It doesn't list xmax in the specs, but given that its impedance at 45hz is >20ohm with a peak over 30ohm before you get to 30hz, plus the limitations physics places on a cone that small playing that low, I would seriously doubt that you would be able to play them down to 32hz. For a deeper 'debate' regarding a 6.5" speaker playing this low, visit the Hybrid L6 thread from a few days ago.


----------



## jimmy2345 (Jul 12, 2010)

They play that low. Of course, at that low of a frequency they won't have the output of a larger cone area speaker but they will play that low and do it better than any 6.5" you have heard. I would put money on it.

The original poster didn't plan to play them this low, I don't believe, but they will if needed.


----------



## PABowhunter4life (Jan 3, 2009)

jimmy2345 said:


> Blues Car Audio 6.5 - If you can find a set of the old ones. The new ones that were just released are 95% the same as the old.
> 
> Blues Car Audio - Speakers for no compromise sound quality
> 
> Not to mention, you can play them from 32hz up to about 4000hz and they will outperform any midrange you can find as well. A true all in one combination, with a true old school design. Did I mention the SQ is nothing short of amazing?

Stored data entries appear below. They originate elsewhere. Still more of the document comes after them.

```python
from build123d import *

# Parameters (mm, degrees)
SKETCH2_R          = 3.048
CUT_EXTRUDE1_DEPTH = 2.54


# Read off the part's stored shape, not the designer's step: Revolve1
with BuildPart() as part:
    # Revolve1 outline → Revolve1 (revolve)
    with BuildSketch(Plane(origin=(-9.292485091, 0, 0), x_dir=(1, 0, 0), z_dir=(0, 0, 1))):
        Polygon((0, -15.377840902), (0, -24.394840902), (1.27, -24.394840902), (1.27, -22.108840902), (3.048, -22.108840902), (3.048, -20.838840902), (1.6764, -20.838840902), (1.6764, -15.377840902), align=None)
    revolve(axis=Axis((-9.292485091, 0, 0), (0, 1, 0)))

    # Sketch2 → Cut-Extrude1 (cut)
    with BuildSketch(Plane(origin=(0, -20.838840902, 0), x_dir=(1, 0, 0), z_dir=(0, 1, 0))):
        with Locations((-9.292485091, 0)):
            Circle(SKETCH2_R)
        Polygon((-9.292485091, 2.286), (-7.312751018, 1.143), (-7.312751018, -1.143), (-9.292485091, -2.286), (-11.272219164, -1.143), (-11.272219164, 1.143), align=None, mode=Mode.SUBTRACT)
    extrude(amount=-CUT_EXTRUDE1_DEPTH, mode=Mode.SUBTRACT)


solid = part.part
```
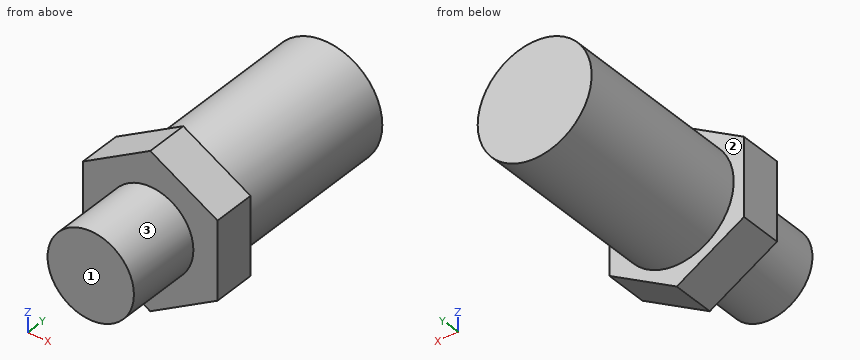
Verification items for the finished model (mm, model axes). Face numbers are marked on the shaded views. A direction names the side the tool comes from. Round coordinates to 2 decimals unless told otherwise and drop trailing zeros. Write each loop counter-clockwise with the first axis right and the second up, starting at its lowest first coordinate (ties: lowest second). Pieces come first, ordered by that corner, then holes.
1. Scan lines: L1, parallel to Y at x = -10.85, z = 0.95; L2, parallel to Y at x = -8, z = 0.9; L3, parallel to X at y = -22.25, z = 0.05. Record each from-to range of solid material in increasing order.
2. Section check A-A on z = 0. Enter the section's corners in (x, y).
3. Gauge pin test, flat ends, axial feed: P1, Ø1, axis at x = -10, y = -17, coming from the +Z side; P2, Ø1.5, axis at y = -17, z = 1, coming from the -X side. Record the tip position at first contact, or that the pin passes through.
4. Access from +Z, -Z, +X, -X, +Y, -Y to the whole of each face (thin tool, end or side, straight path). Record for the marked faces 1, 2 and 3.
5. Section check B-B on x = -9.6. Enter the section's corners in (y, z), plus the area to 3 significant figures.
6. Section check D-D on z = -1.45. Enter the section's corners in (x, y).
7. Section check C-C on y = -22. Enter the section's corners in (x, z), plus the area to 3 significant figures.
Answer:
1. L1: y = -22.11 to -20.84
1. L2: y = -22.11 to -15.38
1. L3: x = -10.56 to -8.02
2. outline: (-11.27, -22.11) - (-10.56, -22.11) - (-10.56, -24.39) - (-8.02, -24.39) - (-8.02, -22.11) - (-7.31, -22.11) - (-7.31, -20.84) - (-7.62, -20.84) - (-7.62, -15.38) - (-10.97, -15.38) - (-10.97, -20.84) - (-11.27, -20.84) - close
3. P1: stops at z = 1.66
3. P2: stops at x = -10.95
4. face 1: +Z, -Z, +X, -X, -Y
4. face 2: +Y
4. face 3: -Y
5. outline: (-24.39, -1.23) - (-22.11, -1.23) - (-22.11, -2.11) - (-20.84, -2.11) - (-20.84, -1.65) - (-15.38, -1.65) - (-15.38, 1.65) - (-20.84, 1.65) - (-20.84, 2.11) - (-22.11, 2.11) - (-22.11, 1.23) - (-24.39, 1.23) - close
5. area: 29.0 mm2
6. outline: (-10.74, -22.11) - (-7.84, -22.11) - (-7.84, -20.84) - (-8.45, -20.84) - (-8.45, -15.38) - (-10.13, -15.38) - (-10.13, -20.84) - (-10.74, -20.84) - close
7. outline: (-11.27, -1.14) - (-9.29, -2.29) - (-7.31, -1.14) - (-7.31, 1.14) - (-9.29, 2.29) - (-11.27, 1.14) - close
7. area: 13.6 mm2
Input: part model. Units: mm. Frame: model coordinates. Coordinates: 2 decimals unless noted, no trailing zeros. Loops run counter-clockwise (first coordinate to the right, second up) from the corner with the lowest first, then second, coordinate; pieces in that order, holes last. Notation, with made-up numbers: M -14,47 L 2,47 A10 ccw 2,55 Z; hole C 1.25,61 d10. An arc over 180 degrees is marked long. Use a Markdown table: item, result. Add a question column.
1. Section C-C on y = 2.25. Output: boundary loops of the cut face in (x, z), then the cut area to 3 significant figures.
2. Line query: L1, parallel to Y at x = 1, z = -2; L2, parallel to Z at x = 4.5, y = -1; L3, parallel to Z at x = 2.25, y = -2. Output: solid intervals per line, ascending. Write a range as [from, to].
3. Section B-B on x = 2.5. Output: boundary loops of the cut face in (y, z) (3 decimals), then the cut area to 3 significant figures.
4. Section A-A on z = 12. Output: boundary loops of the cut face in (x, y), then the cut area to 3 significant figures.
5. Pin query (flat end, axial travel): pin 1 (2 mm diameter, centred on x = 0.5, y = -4.5, fed in from +Z); pin 2 (1.8 mm diameter, centred on y = 0, z = -12, fed in from -X); pin 3 (0.7 mm diameter, centred on y = 0, z = 15, fed in from +X); pin 4 (2 mm diameter, centred on x = 5.5, y = 3, fed in from -Z). Return the tip coordinate at first contact, or that it passes through.
6. Section D-D on y = 6.5. Output: boundary loops of the cut face in (x, z).
7. Draft query along Y for faces 1 (the cylindrical face through (3.131, -0.119, -14.463)), 2 (the flat face through (3, -8, 0)), 3 (the cylindrical face through (3, 0, -26)), 4 (the flat face through (6.35, 3.4, 0.4)). Return one class per face: +Y half, -Y half, draft (parallel to the pull), parting line (faces both ways), or undercut.
Autodesk Inventor part; units mm, degrees
ref_plane "YZ Plane" through (0, 0, 0) normal (1, 0, 0) x (0, 1, 0)
ref_plane "XZ Plane" through (0, 0, 0) normal (0, 1, 0) x (-1, 0, 0)
ref_plane "XY Plane" through (0, 0, 0) normal (0, 0, 1) x (1, 0, 0)
sketch "Block1" plane through (0, 0, 0) normal (0, 0, 1) x (1, 0, 0)
  circle A0 centre (-34.5082, -40.3774) radius 0.55
  circle A1 centre (-31.5082, -40.3774) radius 0.55
  circle A2 centre (-28.5082, -40.3774) radius 0.55
  point P0 (-31.5082, -40.3774)
  dimension "d7" = 1.1
  dimension "d8" = 1.1
  dimension "d9" = 1.1
sketch "Sketch1" plane through (0, 0, 0) normal (1, 0, 0) x (0, 1, 0)
  circle A0 centre (0, 0) radius 3.175
  line L0 (8, 0) -> (8, -60)
  line L1 (-8, 0) -> (-8, -60)
  arc A1 (-8, -60) -> (8, -60) centre (0, -60) ccw
  circle A2 centre (0, -60) radius 3.175
  line L2 (0, -105.9654) -> (0, 47.9942) construction
  line L3 (8, 0) -> (-8, 0) construction
  line L4 (8, 0) -> (8, 18)
  line L5 (-8, 0) -> (-8, 18)
  arc A3 (8, 18) -> (-8, 18) centre (0, 18) ccw
  line L6 (-36, 0) -> (58.5, 0) construction
  line L7 (0, -45) -> (-22.5, -83.9711)
  line L8 (0, -45) -> (45, -45) construction
  line L9 (-22.5, -83.9711) -> (-22.5, -45)
  line L10 (-22.5, -45) -> (0, -45)
  line L11 (-22.5, -45) -> (-8, -30)
  circle A4 centre (0, -18) radius 8
  circle A5 centre (0, -12) radius 0.55
  circle A6 centre (0, -15) radius 0.55
  circle A7 centre (0, -18) radius 0.55
  circle A8 centre (0, 12) radius 0.55
  circle A9 centre (0, 15) radius 0.55
  circle A10 centre (0, 18) radius 0.55
  point P0 (0, 0)
  point P1 (-8, -58.8564)
  point P2 (-8, -18)
  point P3 (8, -18)
  dimension "d0" = 6.35
  dimension "d2" = 16
  dimension "d4" = 6.35
  dimension "d11" = 12
  dimension "d12" = 60
  dimension "d13" = 45
  dimension "d14" = 120
  dimension "d15" = 45
extrude "Extrusion2" add sketch "Sketch1" along normal blind 6.35 contours L0 A4 L1 L5 A3 L4 | A4
equation "\"d7\" = d9"
equation "\"d8\" = d9"
properties part number "Spacer Skiba"
Answers below:
| question | item | result |
|---|---|---|
| 1 | outline | M 0,-25.68 L 6.35,-25.68 L 6.35,-2.24 L 0,-2.24 Z; M 0,2.24 L 6.35,2.24 L 6.35,25.68 L 0,25.68 Z |
| 1 | area | 298 mm² |
| 2 | L1 | y = [-8, -2.47], [2.47, 8] |
| 2 | L2 | z = [-25.94, -3.01], [3.01, 25.94] |
| 2 | L3 | z = [-25.75, -2.47], [2.47, 25.75] |
| 3 | outline | M -8,-18 A8 ccw 8,-18 L 8,18 A8 ccw -8,18 Z; hole C 0,0 d6.35; hole C 0,-18 d1.1; hole C 0,-15 d1.1; hole C 0,-12 d1.1; hole C 0,12 d1.1; hole C 0,15 d1.1; hole C 0,18 d1.1 |
| 3 | area | 740 mm² |
| 4 | outline | M 0,-8 L 6.35,-8 L 6.35,-0.55 L 0,-0.55 Z; M 0,0.55 L 6.35,0.55 L 6.35,8 L 0,8 Z |
| 4 | area | 94.6 mm² |
| 5 | pin 1 | stops at z = 25.19 |
| 5 | pin 2 | stops at x = 0 |
| 5 | pin 3 | passes through |
| 5 | pin 4 | stops at z = -25.75 |
| 6 | outline | M 0,-22.66 L 6.35,-22.66 L 6.35,22.66 L 0,22.66 Z |
| 7 | face 1 | undercut |
| 7 | face 2 | -Y half |
| 7 | face 3 | parting line |
| 7 | face 4 | draft |
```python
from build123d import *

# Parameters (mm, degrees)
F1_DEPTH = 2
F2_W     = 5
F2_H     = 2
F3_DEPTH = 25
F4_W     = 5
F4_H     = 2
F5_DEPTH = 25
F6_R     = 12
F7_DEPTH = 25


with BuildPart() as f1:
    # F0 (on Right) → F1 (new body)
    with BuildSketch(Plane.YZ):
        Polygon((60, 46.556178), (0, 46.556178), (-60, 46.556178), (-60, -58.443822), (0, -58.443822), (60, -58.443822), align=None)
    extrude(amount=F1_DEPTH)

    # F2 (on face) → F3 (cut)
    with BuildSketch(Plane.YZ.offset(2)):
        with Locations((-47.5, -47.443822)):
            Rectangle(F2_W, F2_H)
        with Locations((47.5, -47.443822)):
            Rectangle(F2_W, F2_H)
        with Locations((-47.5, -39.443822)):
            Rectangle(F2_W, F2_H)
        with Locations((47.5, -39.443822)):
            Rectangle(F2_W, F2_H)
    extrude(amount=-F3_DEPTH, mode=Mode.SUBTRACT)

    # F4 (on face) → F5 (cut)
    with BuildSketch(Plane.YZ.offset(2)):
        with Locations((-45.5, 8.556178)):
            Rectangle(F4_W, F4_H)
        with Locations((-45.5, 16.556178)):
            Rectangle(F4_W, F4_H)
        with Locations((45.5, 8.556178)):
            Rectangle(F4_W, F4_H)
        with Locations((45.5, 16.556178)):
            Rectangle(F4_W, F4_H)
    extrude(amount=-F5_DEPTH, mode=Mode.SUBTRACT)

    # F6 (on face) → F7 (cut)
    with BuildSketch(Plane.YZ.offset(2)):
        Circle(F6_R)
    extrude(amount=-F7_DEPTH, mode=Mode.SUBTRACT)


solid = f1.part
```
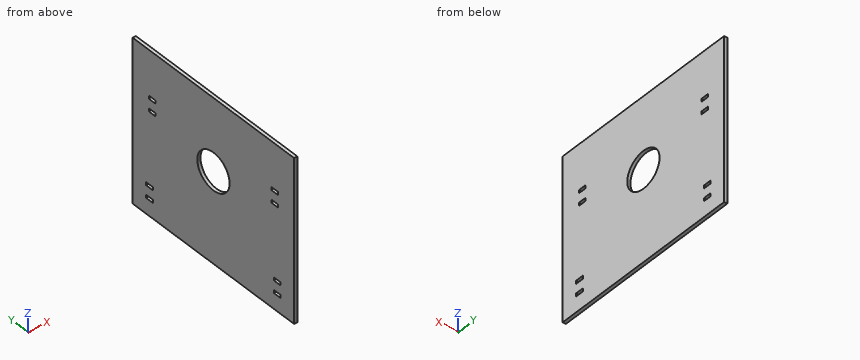
Geometry check sheet. Reference: the model listing, model coordinates, mm. Coordinates: 2 decimals unless noted, no trailing zeros. Order: outer loops, then holes, each group sorted by start corner. A loop starts at its lowest first (then second) coordinate and runs counter-clockwise, first axis right, second up. Notation, with made-up numbers: (62.5, 41) - (69.5, 41) arc R25 ccw to (69.5, 69) - close; hole circle Ø10 at (58.25, 2). An arc over 180 degrees is marked (long way). Answer in a Markdown table with one row per item. Add a question column.
1. Section check A-A (y = 0). Enter the section's corners in (x, z).
2. Section check B-B (z = 0). Enter the section's corners in (x, y), plus the area to 3 significant figures.
3. Section check C-C (x = 0.5). Give the number of separate pieces and of enclosed holes in the cut face, plus the area to 3 significant figures.
4. Material ranges on L1, parallel to Y at x = 1.65, z = -40; L2, parallel to Z at x = 1.2, y = 0; L3, parallel to Z at x = 0.7, y = 11, recorded low to high. Write a range as [from, to].
Data:
| question | item | result |
|---|---|---|
| 1 | outline | (0, -58.44) - (2, -58.44) - (2, -12) - (0, -12) - close; (0, 12) - (2, 12) - (2, 46.56) - (0, 46.56) - close |
| 2 | outline | (0, -60) - (2, -60) - (2, -12) - (0, -12) - close; (0, 12) - (2, 12) - (2, 60) - (0, 60) - close |
| 2 | area | 192 mm² |
| 3 | separate pieces | 1 |
| 3 | enclosed holes | 9 |
| 3 | area | 12,100 mm² |
| 4 | L1 | y = [-60, -50], [-45, 45], [50, 60] |
| 4 | L2 | z = [-58.44, -12], [12, 46.56] |
| 4 | L3 | z = [-58.44, -4.8], [4.8, 46.56] |

Very cool. Prior to this thread I had never even heard of BCA. Anywhere to obtain prices?


----------



## jimmy2345 (Jul 12, 2010)

PABowhunter4life said:


> Very cool. Prior to this thread I had never even heard of BCA. Anywhere to obtain prices?


The MSRP pricing is on the site.


----------



## TREETOP (Feb 11, 2009)

See if you can round up some G&S Redline 206Rs. 6.5" with a red surround and a lightning bolt on the dustcap. I used to run 2 pair of those for midbass and they rocked.


----------